Forest plots of multivariable associations between CYP2B6 metabolizer genotype and change in weight at week 48 in a clinical trials cohort of human immunodeficiency virus–positive individuals who were randomized to initiate efavirenz-containing regimens in prospective AIDS Clinical Trials Group (ACTG) studies. For these analyses, CYP2B6 genotype was categorized into 10 ordinal levels that predict progressively greater plasma efavirenz exposure. Linear regression model results are shown. For “all participants” and nucleos(t)ide reverse transcriptase inhibitor (NRTI) analyses, covariates included weight, age, race/ethnicity, and sex at baseline, as well as the first 3 principal components generated from genome-wide genotype data. For race/ethnicity analyses, the same covariates as for all participants were included except principal components. For sex analyses, the same covariates as for all participants were included except sex. β coefficients and 95% confidence intervals (CIs) are shown.
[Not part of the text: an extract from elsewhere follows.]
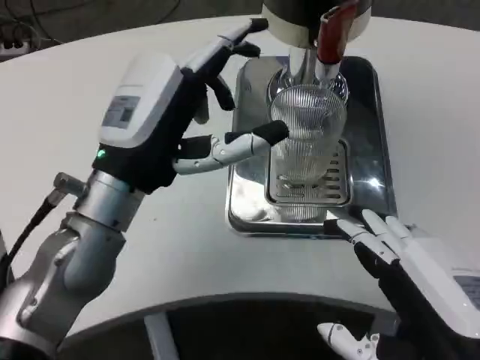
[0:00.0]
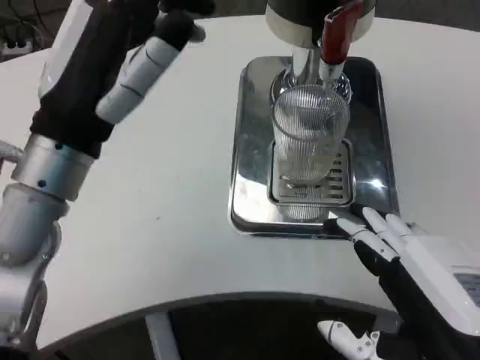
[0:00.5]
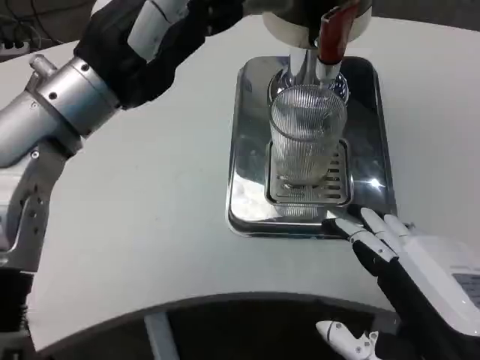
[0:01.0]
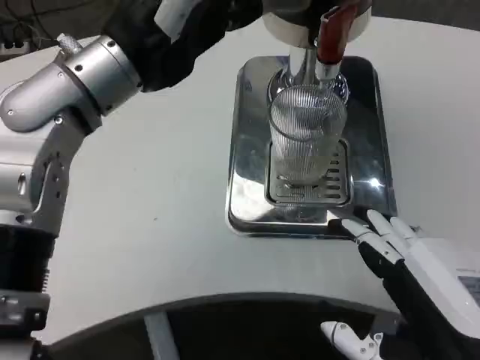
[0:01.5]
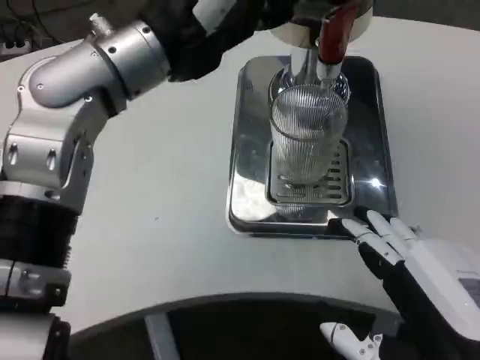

Negative β coefficients indicate that CYP2B6 genotypes that predict increased plasma efavirenz concentrations were associated with less weight gain (or greater weight loss). The tenofovir disoproxil fumarate (TDF) arms are shown in blue; abacavir (ABC) arms are shown in red. A, Associations among all evaluable participants from ACTG protocols A5095, A5142, and A5202, stratified by concomitant NRTI, self-reported race/ethnicity, and sex. B, Associations among all evaluable participants from A5202, stratified by concomitant NRTI, self-reported race/ethnicity, and sex. C, Associations among all evaluable participants from A5095 and A5142, stratified by concomitant NRTI, self-reported race/ethnicity, and sex.